All lines from the one with "9. person (1642,0,1772,253)" to the end of the entries below must be written out exactly. Leave out any other line.
■ ■ ■
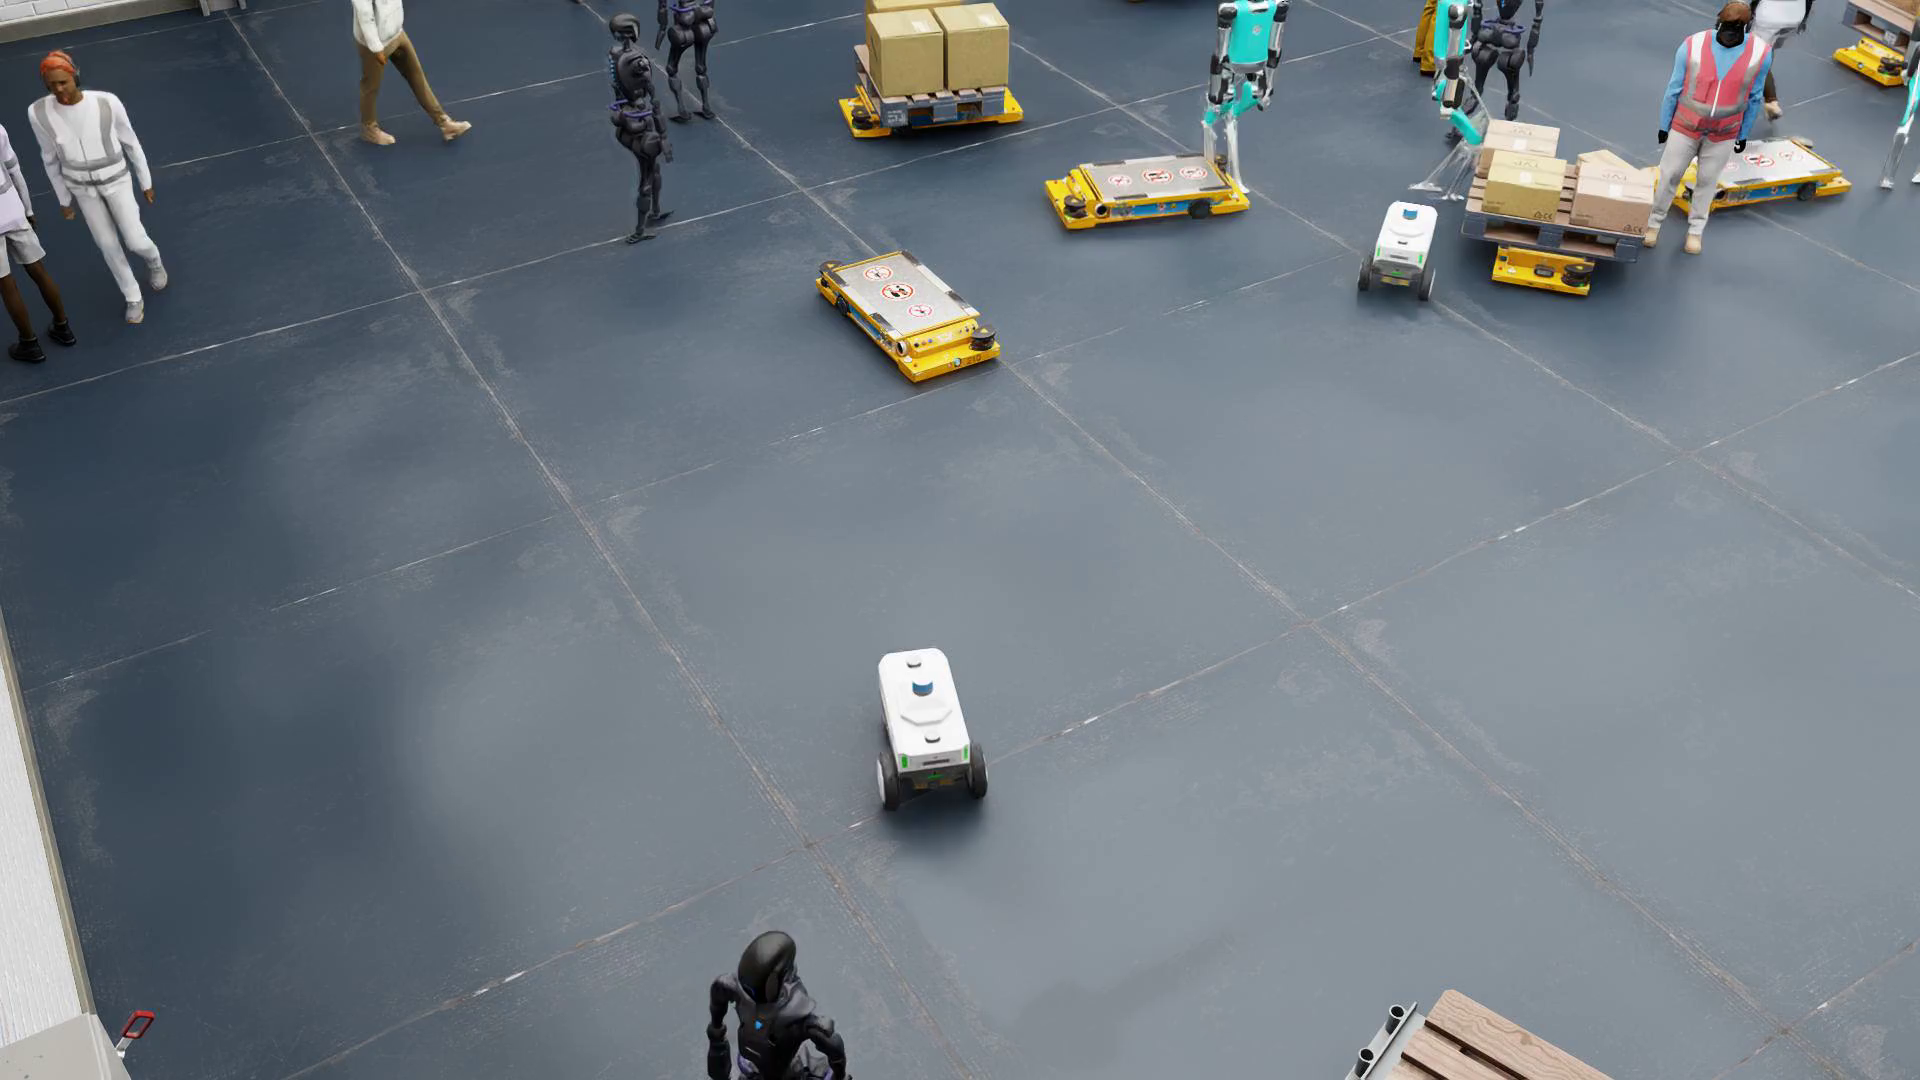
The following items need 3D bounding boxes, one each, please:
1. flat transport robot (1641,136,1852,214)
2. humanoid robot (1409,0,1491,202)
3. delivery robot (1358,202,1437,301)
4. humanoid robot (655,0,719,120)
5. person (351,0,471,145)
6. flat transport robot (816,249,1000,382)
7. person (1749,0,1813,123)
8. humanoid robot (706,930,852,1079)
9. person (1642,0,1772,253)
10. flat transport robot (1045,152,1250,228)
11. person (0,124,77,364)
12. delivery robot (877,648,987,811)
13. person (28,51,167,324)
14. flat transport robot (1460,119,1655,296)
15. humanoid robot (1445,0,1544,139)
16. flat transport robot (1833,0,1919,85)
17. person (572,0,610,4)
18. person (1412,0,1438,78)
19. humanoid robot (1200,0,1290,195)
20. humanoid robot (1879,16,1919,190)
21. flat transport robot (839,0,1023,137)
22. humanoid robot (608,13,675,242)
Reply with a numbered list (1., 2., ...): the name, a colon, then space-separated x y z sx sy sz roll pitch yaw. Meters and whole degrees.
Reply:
■ ■ ■
* **EXERCISE ANSWER**
9. person (1642,0,1772,253)
10. flat transport robot (1045,152,1250,228)
11. person (0,124,77,364)
12. delivery robot (877,648,987,811)
13. person (28,51,167,324)
14. flat transport robot (1460,119,1655,296)
15. humanoid robot (1445,0,1544,139)
16. flat transport robot (1833,0,1919,85)
17. person (572,0,610,4)
18. person (1412,0,1438,78)
19. humanoid robot (1200,0,1290,195)
20. humanoid robot (1879,16,1919,190)
21. flat transport robot (839,0,1023,137)
22. humanoid robot (608,13,675,242)
Reply with a numbered list (1., 2., ...): the name, a colon, then space-separated x y z sx sy sz roll pitch yaw. Meters and whole degrees.
Reply:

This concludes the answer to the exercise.